Пленные мальчишки много чего хотели ему сказать — это было видно по их глазам, — но после такого предложения все слова застряли у них в горле. Воины стаи недовольно заворчали, но спорить с вожаком по-прежнему не хотели — ведь в этом набеге они не потеряли ни одного человека. Лишь двое отделались легкими ранами.
Захваченные девушки и женщины столпились перепуганной кучкой в отдалении, не смея и пикнуть. Их даже не требовалось охранять особо строго, так они были напуганы — всех их выхватили из теплых постелей. И так уж совпало, что одна из них оказалась сестрой кого-то из пленных. Сообразив первая, что случилось, она растолкала лесовиков, бросилась к брату, обняла его и, захлебываясь слезами, запричитала, умоляя не спорить и согласиться.
— Ради меня, — повторяла она. — Ради меня…
Мальчишка понурился, клоня лохматую голову…
Всем им вернули лошадей, но на всякий случай до конца пути держали с завязанными глазами и под жесткой охраной, чтобы никто не решился сбежать. Пополнившаяся стая вернулась на островок среди болота, где ждали вестей от своих уцелевшие остатки рода Ломка Тура. За почти тринадцать дней отсутствия воинов никто из чужаков не открыл их убежища, но сырость и полуголодное существование сделали свое дело. Раненые поправлялись с трудом, а чудом спасенные дети болели. Хуже всего пришлось маленькому сыну Тополя и Ланы Гостомыслу — холод и болотная гниль убили малыша, и Тополю по возвращении показали маленький свежий холмик.

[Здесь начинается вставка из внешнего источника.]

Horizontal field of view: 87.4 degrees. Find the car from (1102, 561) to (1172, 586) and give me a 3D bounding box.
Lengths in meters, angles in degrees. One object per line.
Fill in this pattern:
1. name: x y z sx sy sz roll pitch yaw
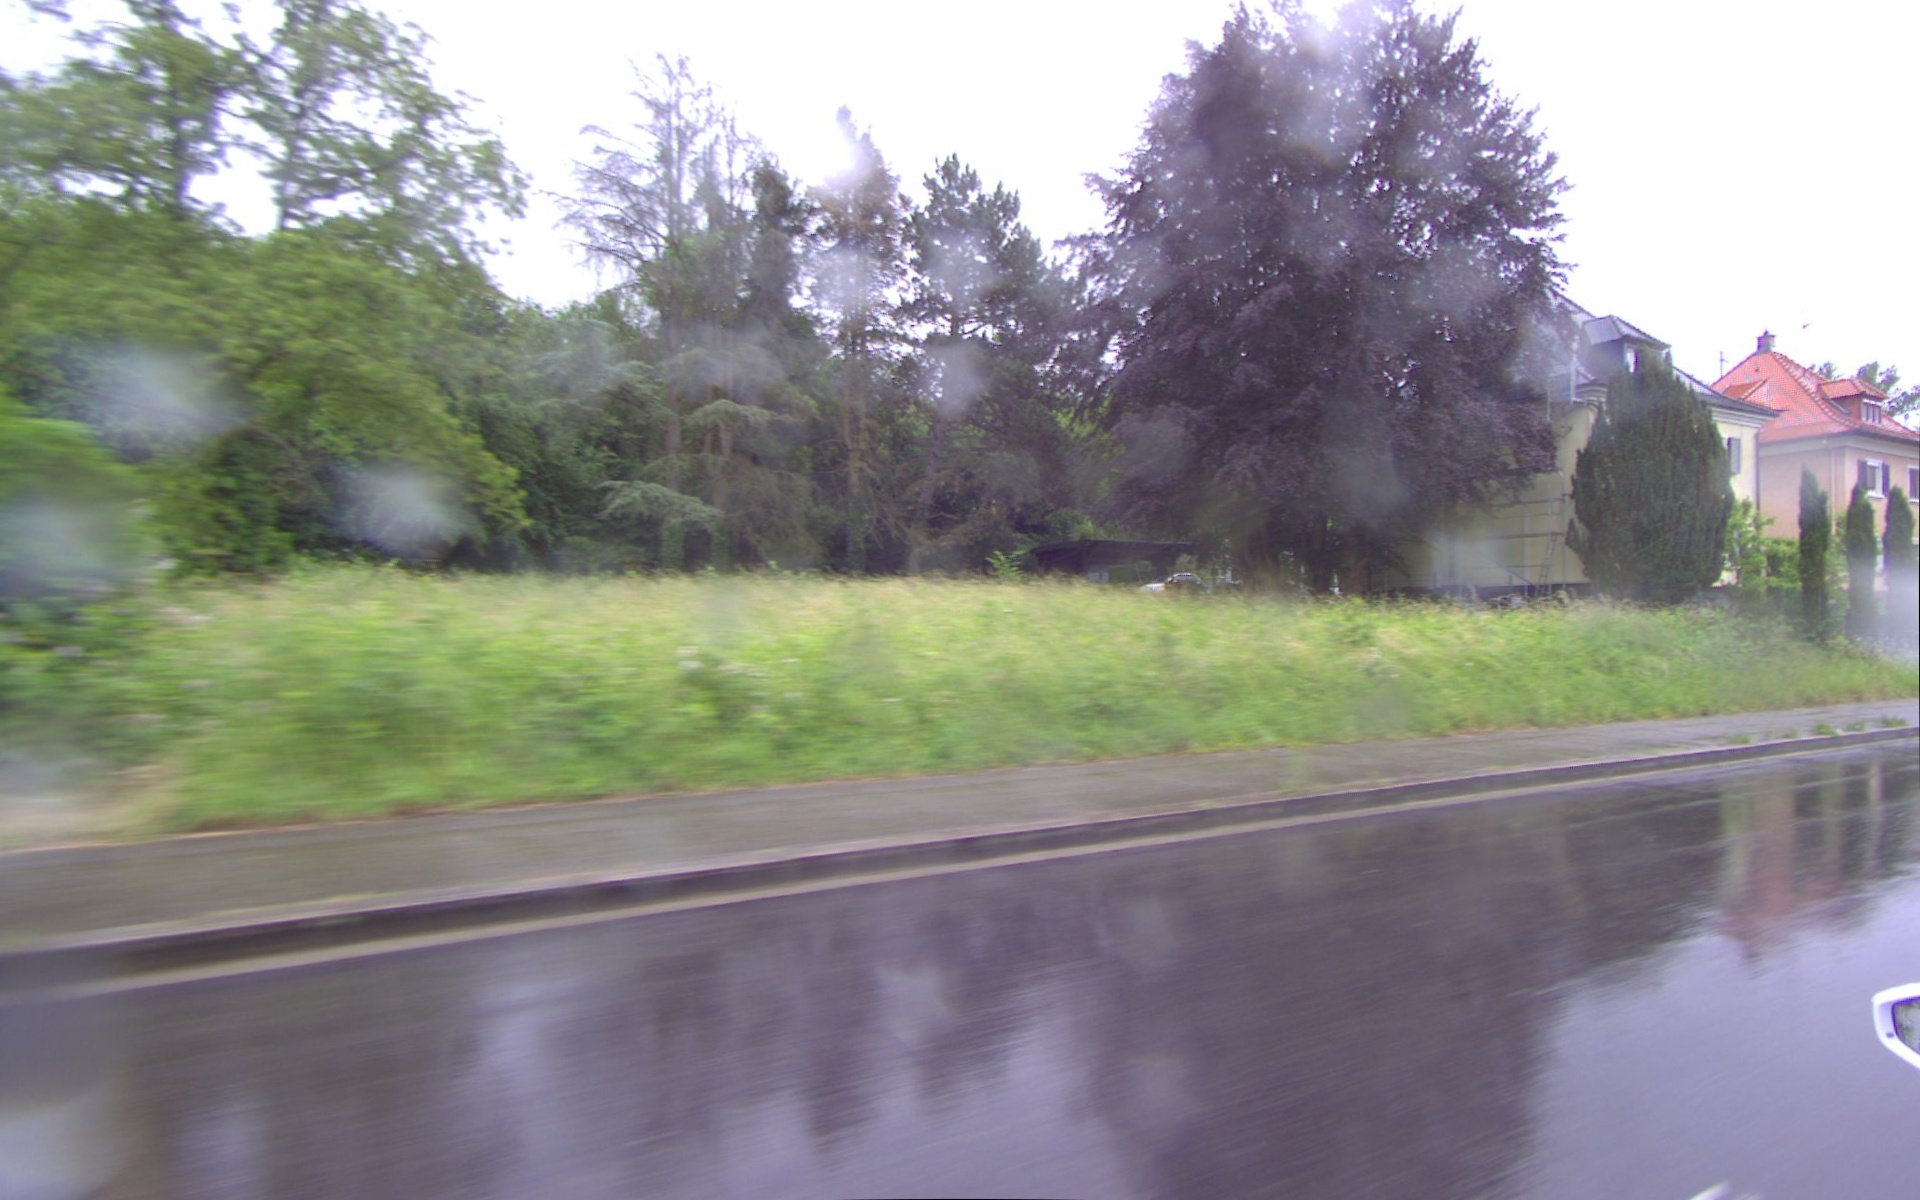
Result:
1. car: 10.235 -1.529 58.239 3.596 1.428 1.794 0 1 -16
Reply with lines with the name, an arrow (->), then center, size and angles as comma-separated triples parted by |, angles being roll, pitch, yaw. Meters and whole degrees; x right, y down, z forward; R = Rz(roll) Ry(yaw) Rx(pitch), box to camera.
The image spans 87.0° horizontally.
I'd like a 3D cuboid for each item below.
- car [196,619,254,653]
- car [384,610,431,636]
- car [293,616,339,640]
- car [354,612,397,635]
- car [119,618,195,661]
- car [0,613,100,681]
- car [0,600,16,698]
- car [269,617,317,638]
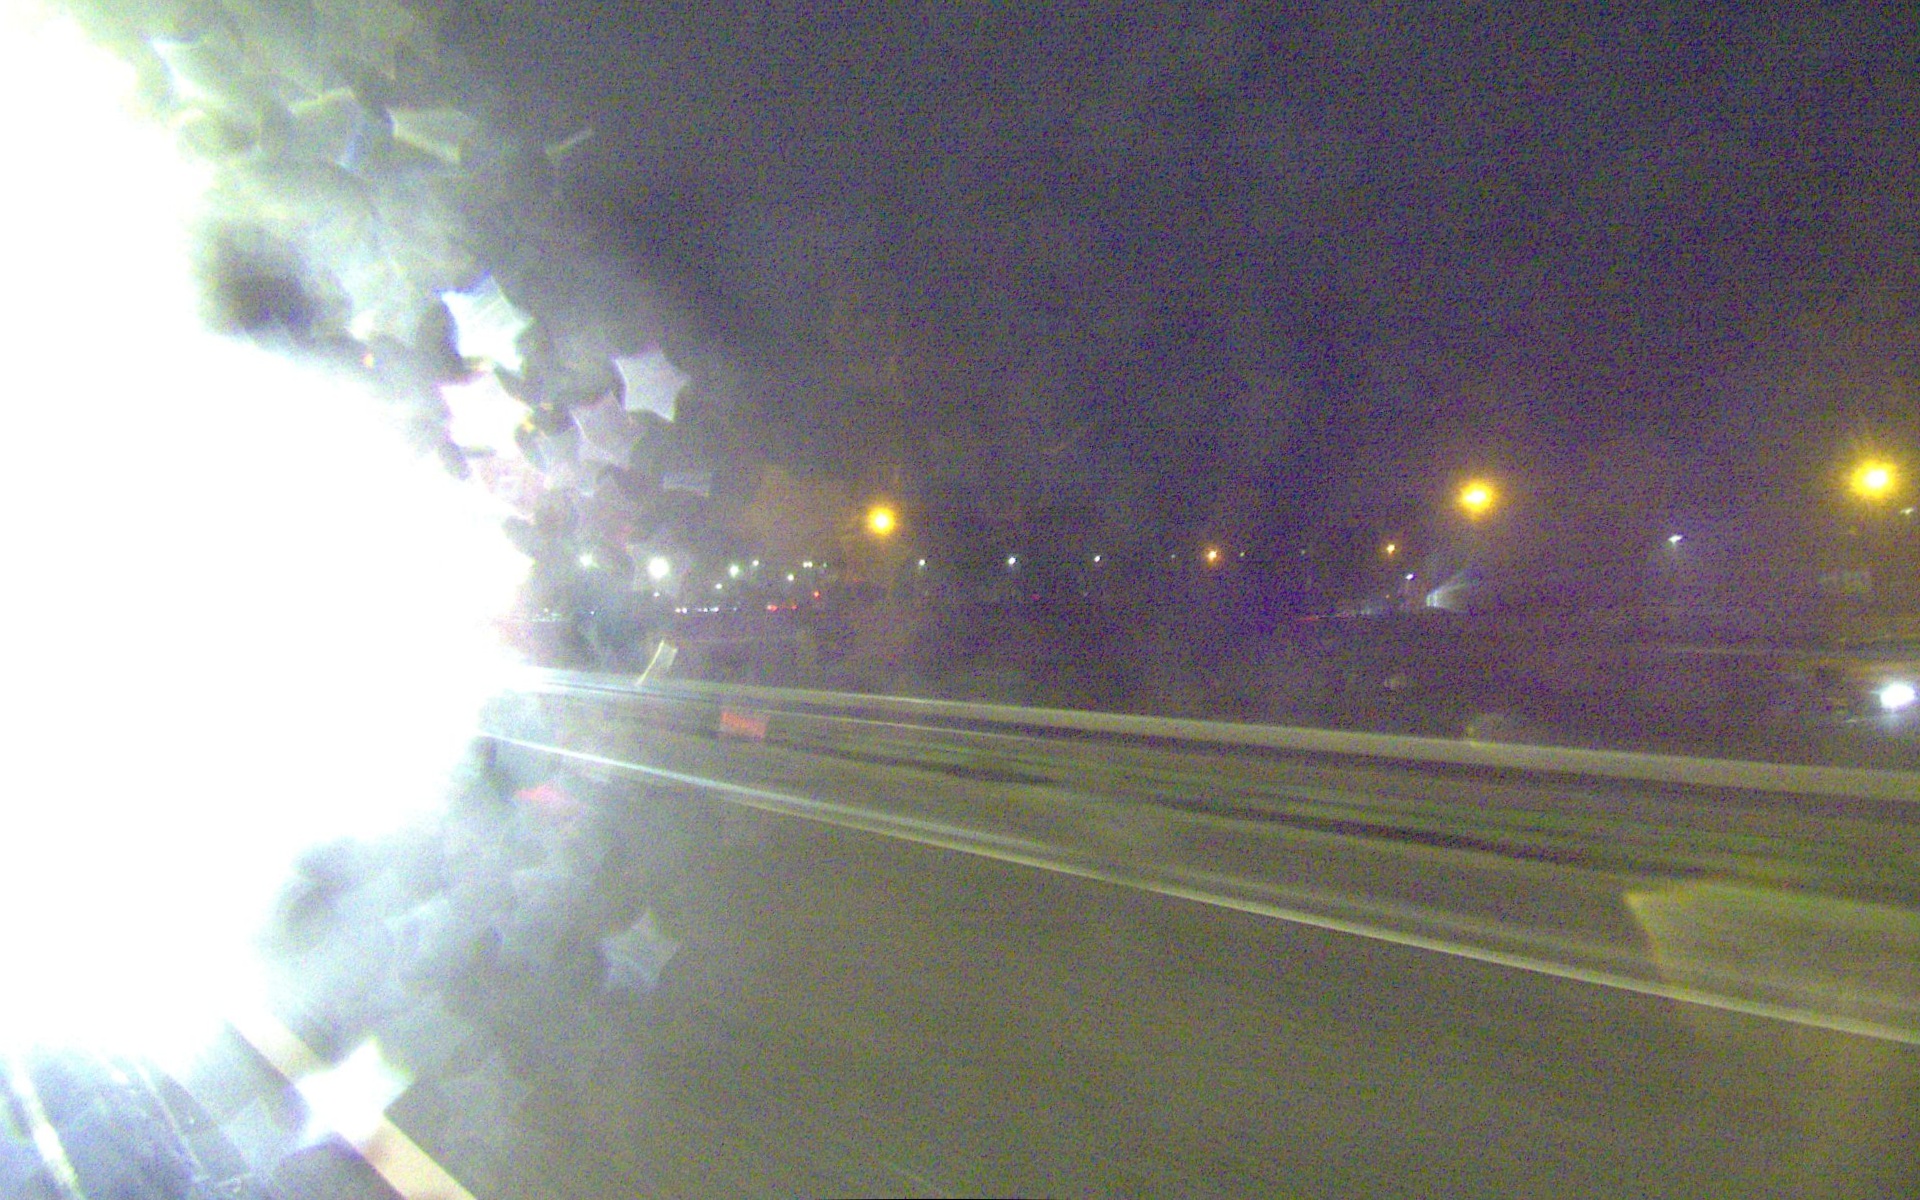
car -> -44.611, 2.166, 61.508 | 1.965, 1.949, 4.013 | -1, -1, -23
car -> -47.813, 1.972, 87.662 | 2.342, 2.107, 4.427 | -1, -1, -12
car -> -43.525, 1.871, 68.457 | 1.965, 1.495, 4.013 | -1, -1, -22
car -> -50.380, 2.026, 87.264 | 1.967, 1.949, 4.009 | -1, -1, -11
car -> -38.787, 1.897, 48.986 | 1.965, 1.949, 4.013 | -1, -1, -25
car -> -28.766, 1.441, 31.966 | 1.967, 1.949, 4.010 | -1, -1, -34
car -> -19.488, 0.952, 19.226 | 1.907, 1.887, 4.008 | -1, -1, -38
car -> -48.836, 1.989, 74.150 | 1.966, 1.495, 4.012 | -1, -1, -18
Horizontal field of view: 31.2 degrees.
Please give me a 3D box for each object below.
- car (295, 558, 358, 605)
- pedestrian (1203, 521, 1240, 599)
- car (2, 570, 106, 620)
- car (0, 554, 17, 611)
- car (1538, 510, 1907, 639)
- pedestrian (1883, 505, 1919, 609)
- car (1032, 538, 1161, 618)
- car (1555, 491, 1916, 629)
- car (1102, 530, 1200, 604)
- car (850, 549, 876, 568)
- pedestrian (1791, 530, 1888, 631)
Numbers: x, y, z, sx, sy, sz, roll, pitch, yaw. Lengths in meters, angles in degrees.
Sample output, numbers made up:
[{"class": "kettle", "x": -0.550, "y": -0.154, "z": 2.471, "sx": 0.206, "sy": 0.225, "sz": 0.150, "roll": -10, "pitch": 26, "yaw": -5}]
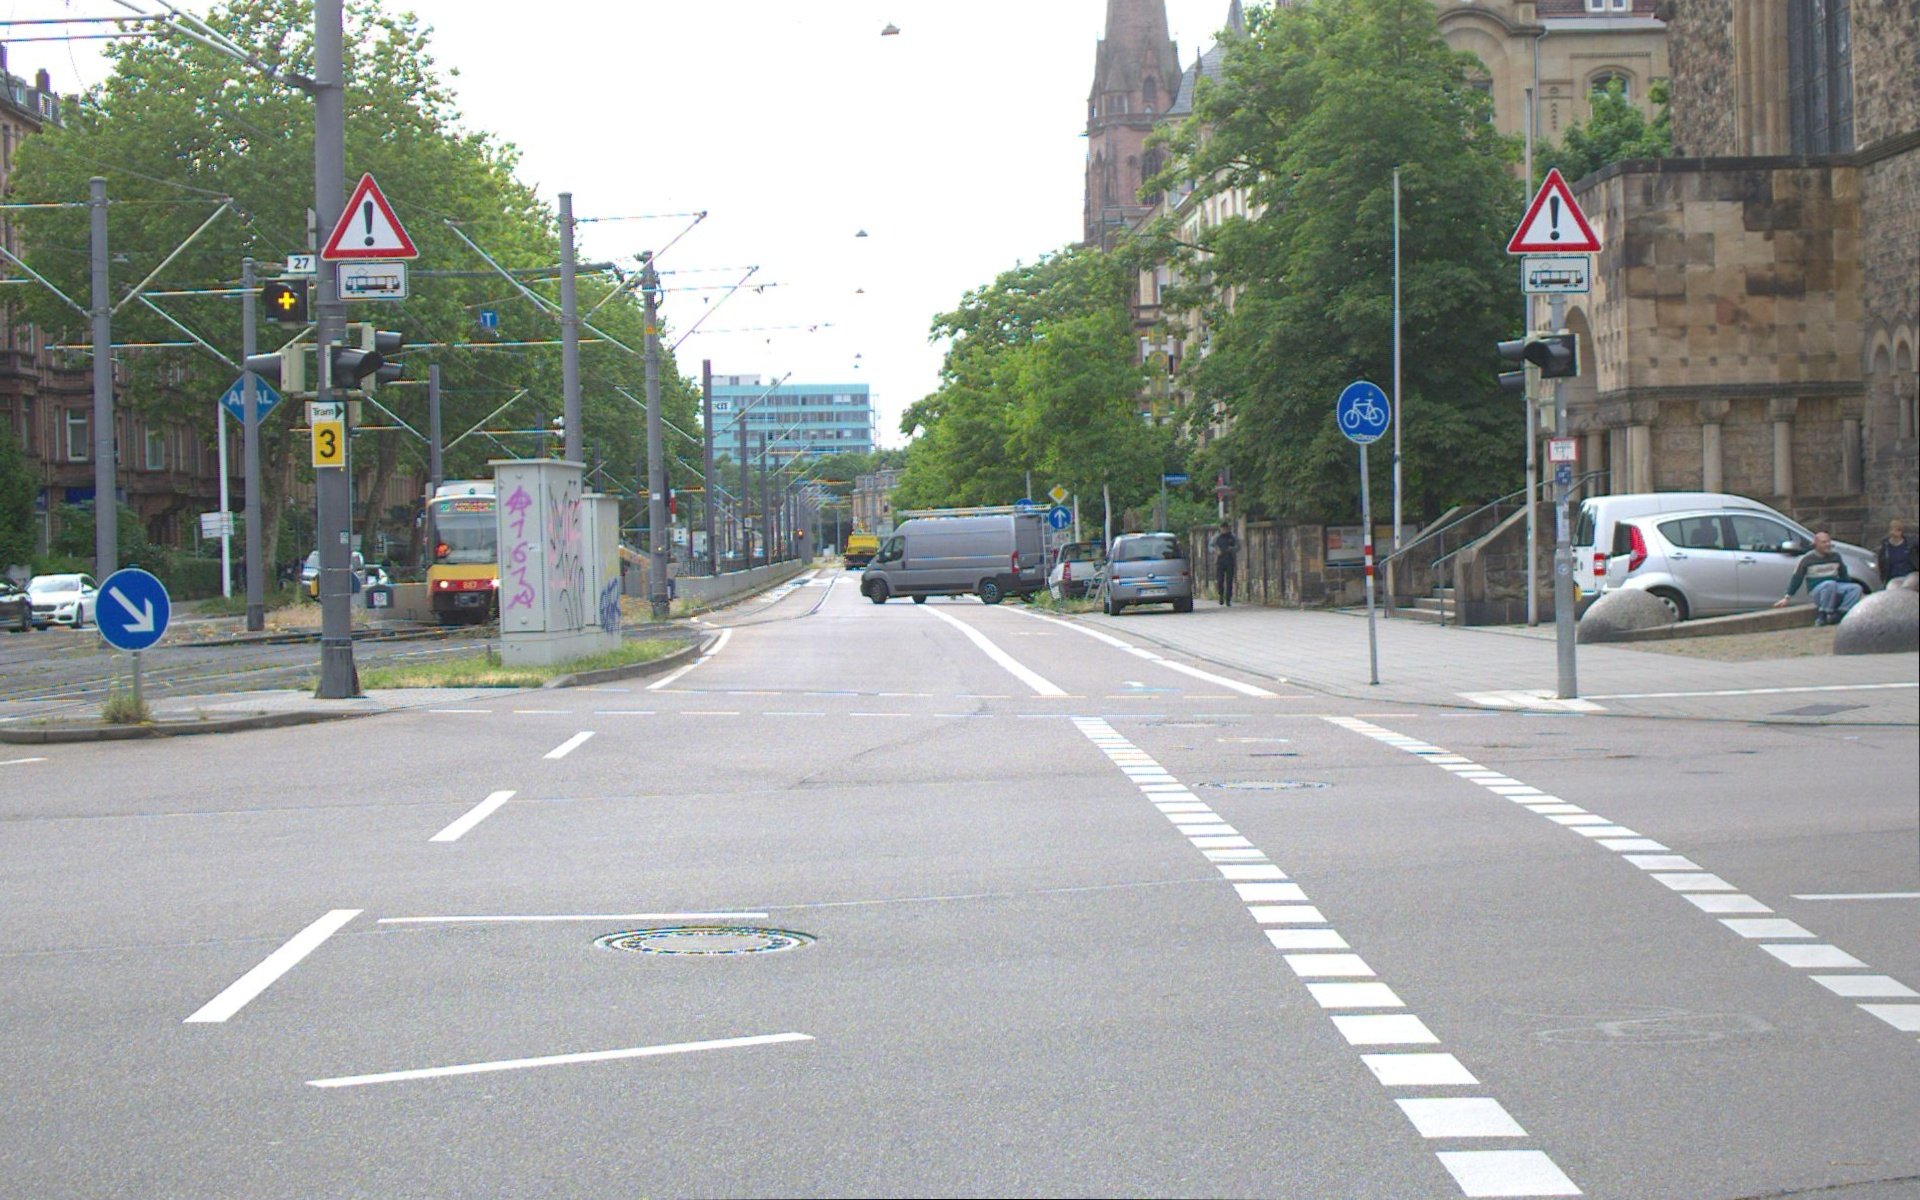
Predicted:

Здесь же, у могилы, над пленными провели обряд введения в род. Поскольку деревянное изваяние вожака-предка было утеряно, сыскали поблизости живой тополь, надрезали ему кору, после чего все способные держать оружие мужчины смешали свою кровь с выступившим соком. Пленных мальчишек заставили сделать то же самое, после чего надрезанную кору осторожно приложили снова к дереву и замазали его рану землей.
На болоте стая Тополя прожила еще некоторое время, дожидаясь, пока не оправятся раненые. Ближе к зиме она снялась с места и отправилась в долгий путь…
Целых три года они бродили по лесам, нигде не задерживаясь дольше, чем на два-три дня. Еще несколько раз Тополь водил стаю в набеги — теперь брали только добро: зерно, шкуры, коней и скот. Деваться было некуда, но однажды…
Тогда он проснулся среди ночи от неясного предчувствия. Никто бы не смог внятно объяснить вожаку, что подняло его со сна, но он знал, что вот-вот должно было что-то произойти. Знал точно так же, как в ту далекую ночь, когда ему привиделся умерший Ворон, знал и как много раньше, когда неведомая сила заставила его, тогда еще мальчишку-трэлля, прокрасться в дружинный дом и тайком вытащить из стены Меч Локи. И теперь он знал, что боги отыскали его.
Он не удивился, когда ноги сами вынесли его за пределы поляны, на которой расположилась на ночлег стая. Под ноги попалась тропа, которая вывела его к реке. В стае знали, что они идут вдоль берега, но вряд ли кто подозревал, что он настолько близок. Ночь была тиха и празднична. Ни единый лист не колыхался на ветках, мирно подмигивали звезды с неба, как глаза девушек, а поперек русла лежала серебристая лунная дорожка. Она манила к себе, звала ступить на блестящую дробящуюся полосу света…
Бегом вернувшись в стан, Тополь среди ночи поднял всех и повел к реке. Точно в том месте, где была дорожка, обнаружился брод, по которому легко прошли кони и люди. На переправу ушел остаток ночи, так что рассвет застал стаю сушащейся на чужом берегу.
Берег был действительно чужим, в чем все смогли убедиться очень скоро. Тополь не сомневался, что ночью стая прошла через открытые для нее богами Врата, и не удивился, когда, наткнувшись на местных жителей, узнал от них, что выбрались они в устье реки Невы, за три версты от того места, где она впадает в Варяжское море.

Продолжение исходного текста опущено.